Exercise material >>
::::

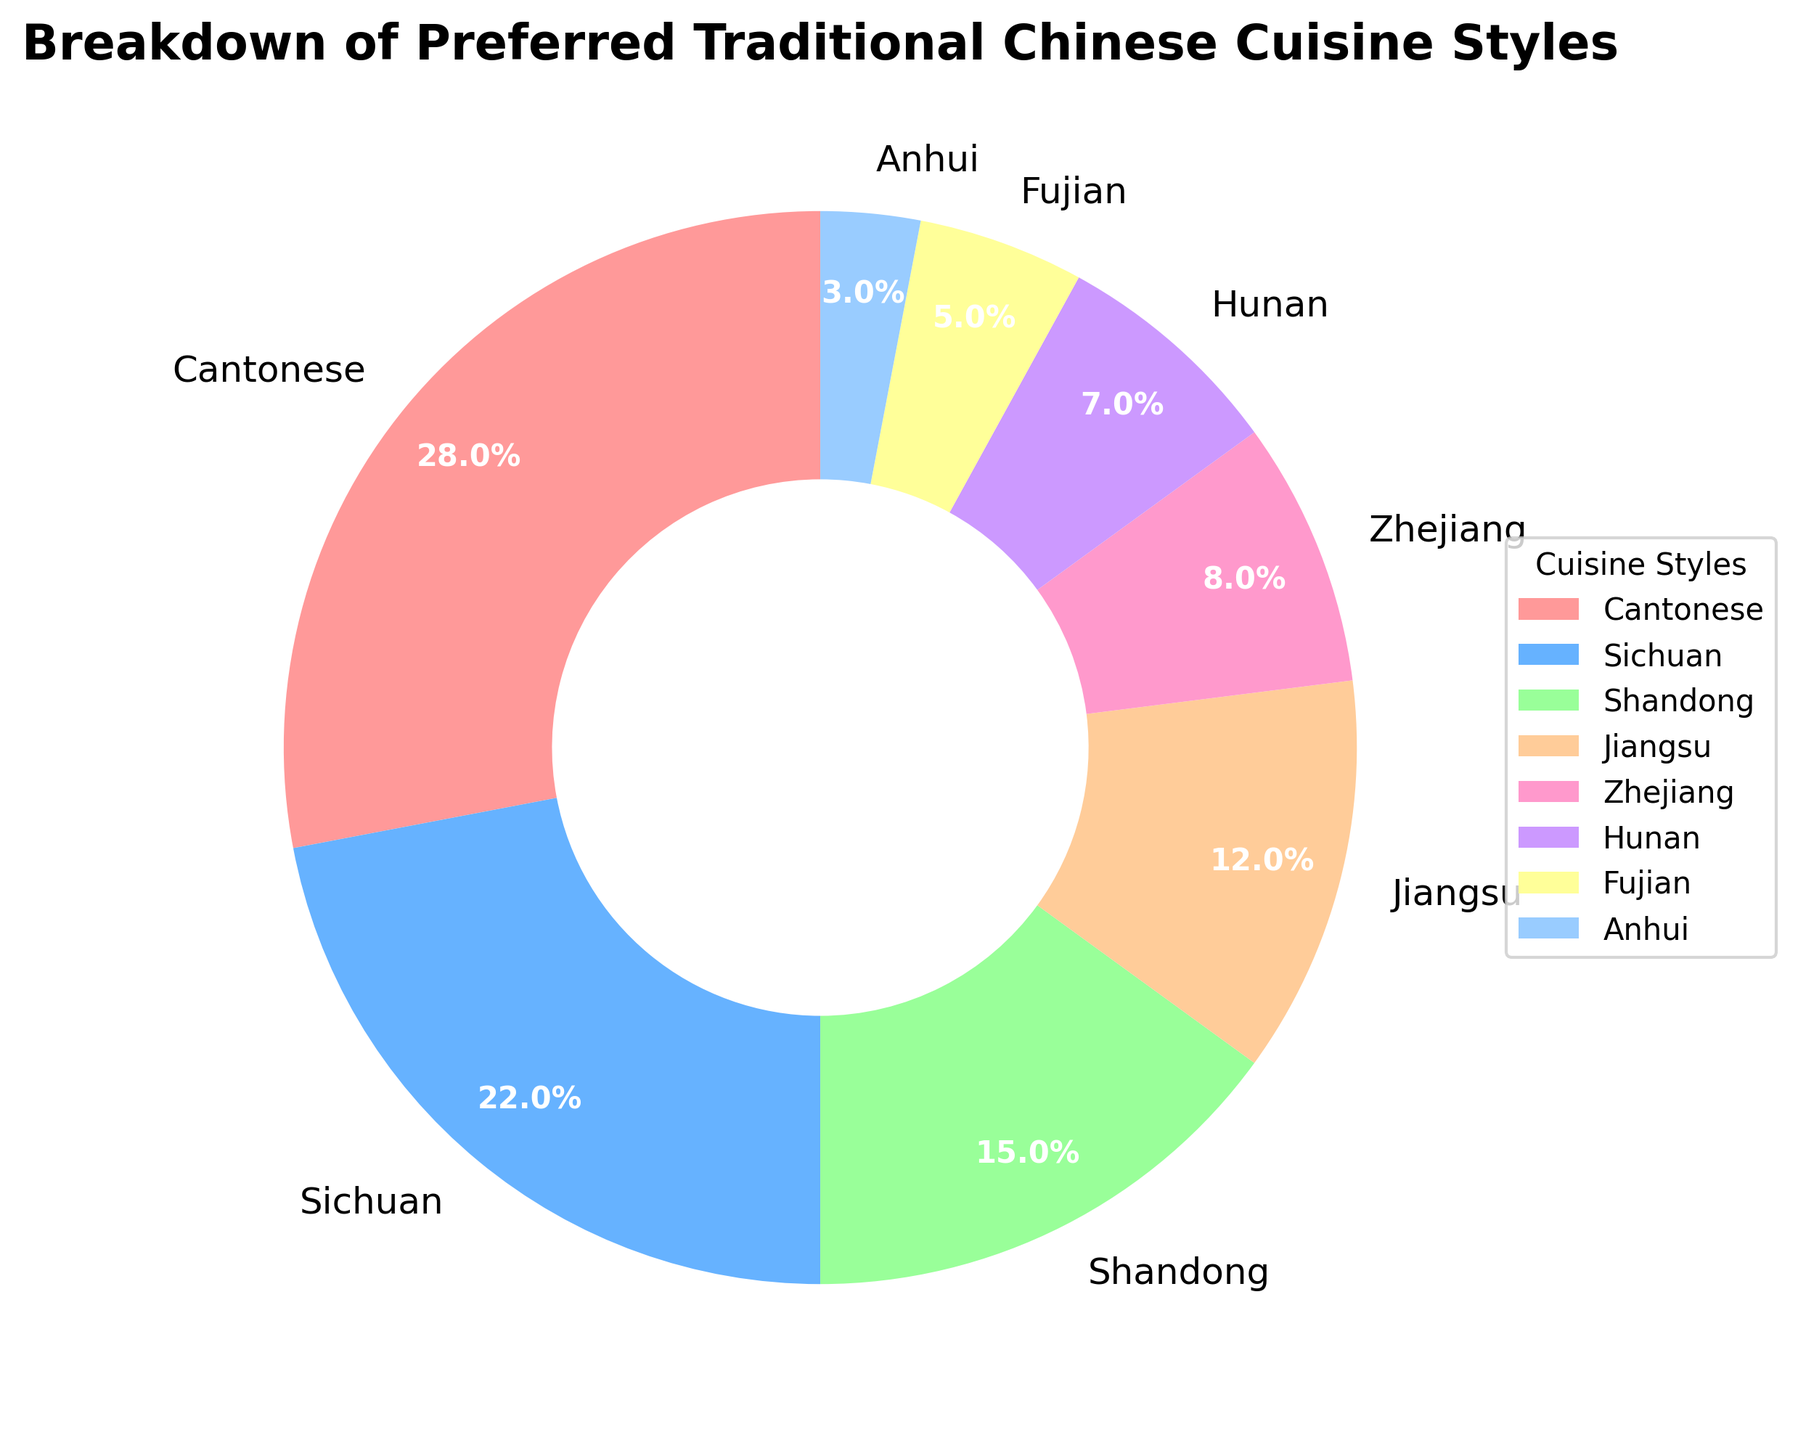What percentage of people prefer Cantonese cuisine? The figure shows that the wedge labeled with "Cantonese" represents the largest section of the pie chart. The label indicates that this section accounts for 28% of the preferences.
Answer: 28% Which cuisine style is preferred the least, and what is its percentage? The smallest wedge in the pie chart is labeled "Anhui", and it accounts for 3% of the preferences.
Answer: Anhui, 3% How does the preference for Sichuan cuisine compare to that for Shandong cuisine? The pie chart shows that the Sichuan section occupies 22% of the chart while the Shandong section accounts for 15%. Thus, preference for Sichuan cuisine is higher than for Shandong.
Answer: Sichuan is preferred 7% more than Shandong What is the combined percentage of people preferring Jiangsu and Zhejiang cuisines? The pie chart shows that Jiangsu cuisine accounts for 12%, and Zhejiang cuisine accounts for 8%. Adding these percentages gives 12% + 8%, which totals to 20%.
Answer: 20% By how much does the preference for Jiangsu cuisine exceed that of Hunan cuisine? Jiangsu cuisine has a preference percentage of 12%, while Hunan cuisine has 7%. The difference is calculated as 12% - 7% = 5%.
Answer: 5% Which cuisine styles are preferred by more than 20% of people? According to the pie chart, only Cantonese (28%) and Sichuan (22%) cuisines exceed the 20% preference threshold.
Answer: Cantonese and Sichuan What is the total percentage of preferences for the three least preferred cuisine styles? The three least preferred cuisine styles and their percentages are Anhui (3%), Fujian (5%), and Hunan (7%). Summing these values gives 3% + 5% + 7% = 15%.
Answer: 15% What are the two colors representing cuisines that make up exactly 20% of the preferences combined? The pie chart shows that Jiangsu (12%) is represented in orange, and Zhejiang (8%) is represented in pink. Together, they make up 20%.
Answer: Orange and pink How does the combined percentage of Anhui and Fujian cuisines compare to Zhejiang cuisine? Anhui accounts for 3% and Fujian for 5%, together making 8%. This is equal to the preference percentage for Zhejiang cuisine, which is also 8%.
Answer: Equal Which cuisine styles are represented by wedges of warm colors, and what are their percentages? In the pie chart, warm colors like shades of red, pink, and orange represent Cantonese (28%), Jiangsu (12%), and Fujian (5%). Summing these percentages gives 28% + 12% + 5% = 45%.
Answer: Cantonese, Jiangsu, and Fujian, 45% 
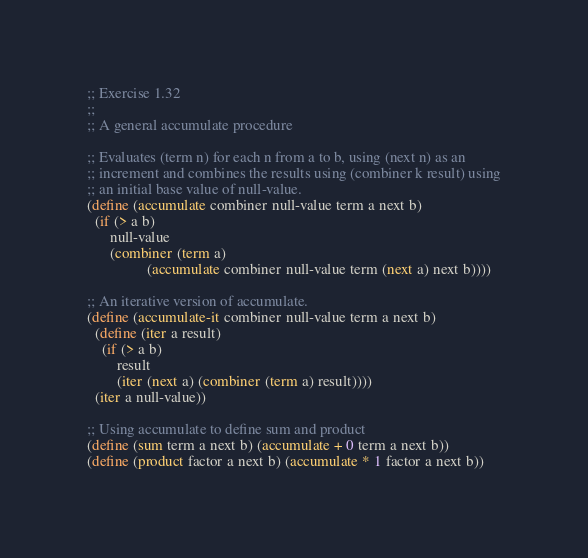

::::

What is required >> Using the data above, reproduce exactly the lines from the line that contains "Answer: 20% By" through the line that contains "Answer: Cantonese and", including both.

The completed task >>
Answer: 20% By how much does the preference for Jiangsu cuisine exceed that of Hunan cuisine? Jiangsu cuisine has a preference percentage of 12%, while Hunan cuisine has 7%. The difference is calculated as 12% - 7% = 5%.
Answer: 5% Which cuisine styles are preferred by more than 20% of people? According to the pie chart, only Cantonese (28%) and Sichuan (22%) cuisines exceed the 20% preference threshold.
Answer: Cantonese and Sichuan What is the total percentage of preferences for the three least preferred cuisine styles? The three least preferred cuisine styles and their percentages are Anhui (3%), Fujian (5%), and Hunan (7%). Summing these values gives 3% + 5% + 7% = 15%.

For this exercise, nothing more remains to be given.